Inflating Revenues in China Stocks and How To Avoid The Fraud
Inflating revenues is another common way fraud is being committed in China Stocks.
The most simple way is to fake the receipt of revenues. The company has to show more money coming into the bank than really has.
It’s a simple matter of getting a bunch of fraudulent invoices from the black market, and putting the revenues on your books.
From there, these fake revenues have to be reflected in your banks statements as well, so you need fraudulent bank statements.
This is a simple matter of creating the statements and presenting them to your examiner with the “Bank Chop” seal already stamped. Of course, you’ve obtained a fake stamp for about $200.
It’s common to claim receivables that don’t exist. You claim to have shipped a product, and the buyer is in on the conspiracy. When called by the examiner, the buyer confirms the purchase, but he has, of course, been bribed in advance to cooperate.

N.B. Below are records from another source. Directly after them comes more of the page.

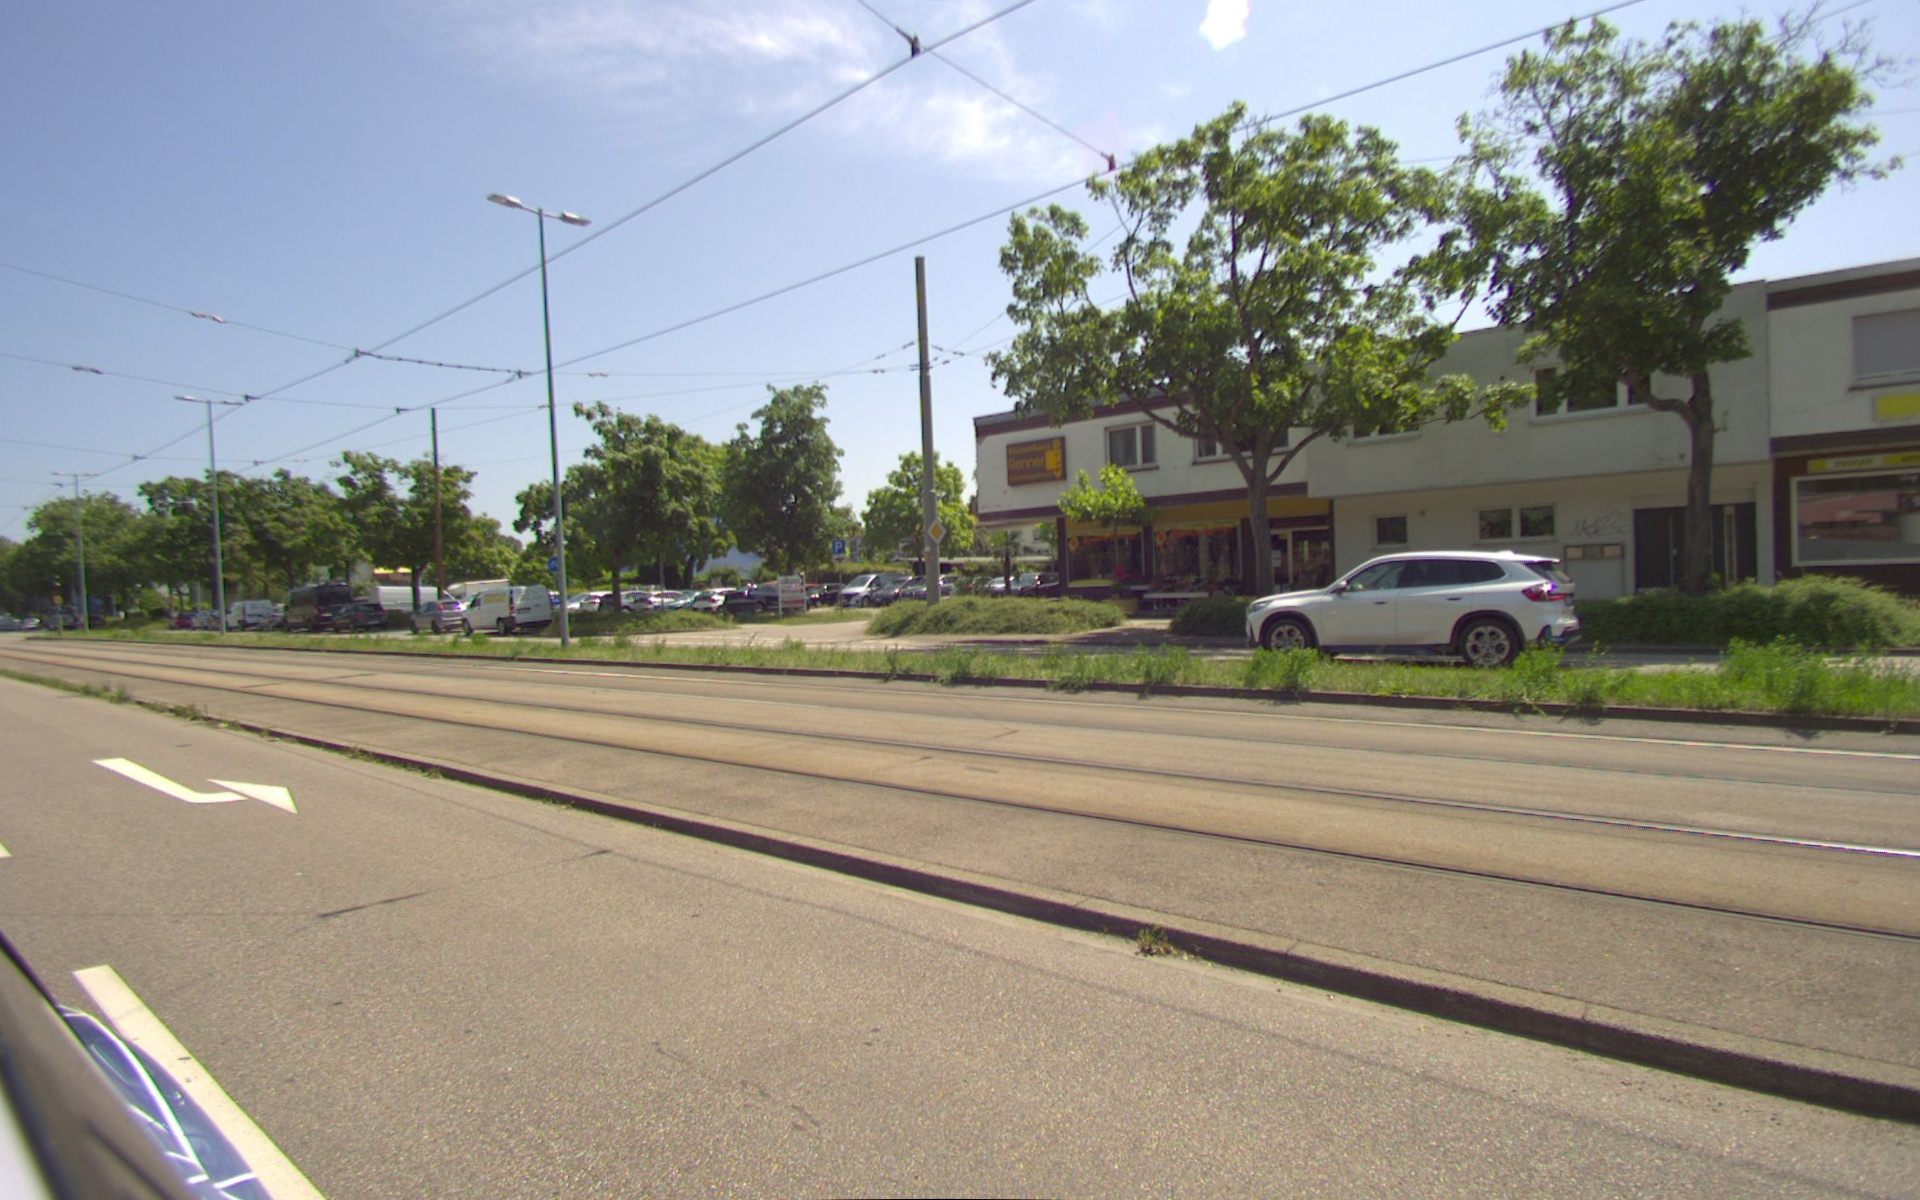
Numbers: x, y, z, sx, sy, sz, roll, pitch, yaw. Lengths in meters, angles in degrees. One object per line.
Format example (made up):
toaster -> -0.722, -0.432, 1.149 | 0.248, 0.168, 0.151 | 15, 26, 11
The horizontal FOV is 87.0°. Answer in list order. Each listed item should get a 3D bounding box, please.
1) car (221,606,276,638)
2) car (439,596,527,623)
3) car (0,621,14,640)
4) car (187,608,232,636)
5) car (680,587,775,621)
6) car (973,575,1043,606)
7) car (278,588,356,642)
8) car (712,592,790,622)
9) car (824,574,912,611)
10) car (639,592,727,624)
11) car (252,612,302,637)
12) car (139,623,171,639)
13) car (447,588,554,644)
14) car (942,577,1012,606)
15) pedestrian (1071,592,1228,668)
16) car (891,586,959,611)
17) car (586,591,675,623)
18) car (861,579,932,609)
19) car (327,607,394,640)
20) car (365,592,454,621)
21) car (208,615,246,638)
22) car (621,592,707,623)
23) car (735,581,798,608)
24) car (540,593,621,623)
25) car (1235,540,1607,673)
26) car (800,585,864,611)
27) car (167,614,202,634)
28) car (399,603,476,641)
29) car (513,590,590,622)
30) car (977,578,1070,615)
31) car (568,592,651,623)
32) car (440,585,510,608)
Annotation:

China stock fraud going on in the China livestock industry
There’s a lot of fraud going on in the China livestock industry where sales are double counted. For example, and pork producer might sell a whole generation of baby pigs to local farmers. They raise the pigs, and sell them back to the pork producer, who then sells them to an end buyer. The hogs were never really sold to the local farmer, and the sale of the livestock is double counted. Since this is the same animal, this is not allowed under GAAP accounting standards.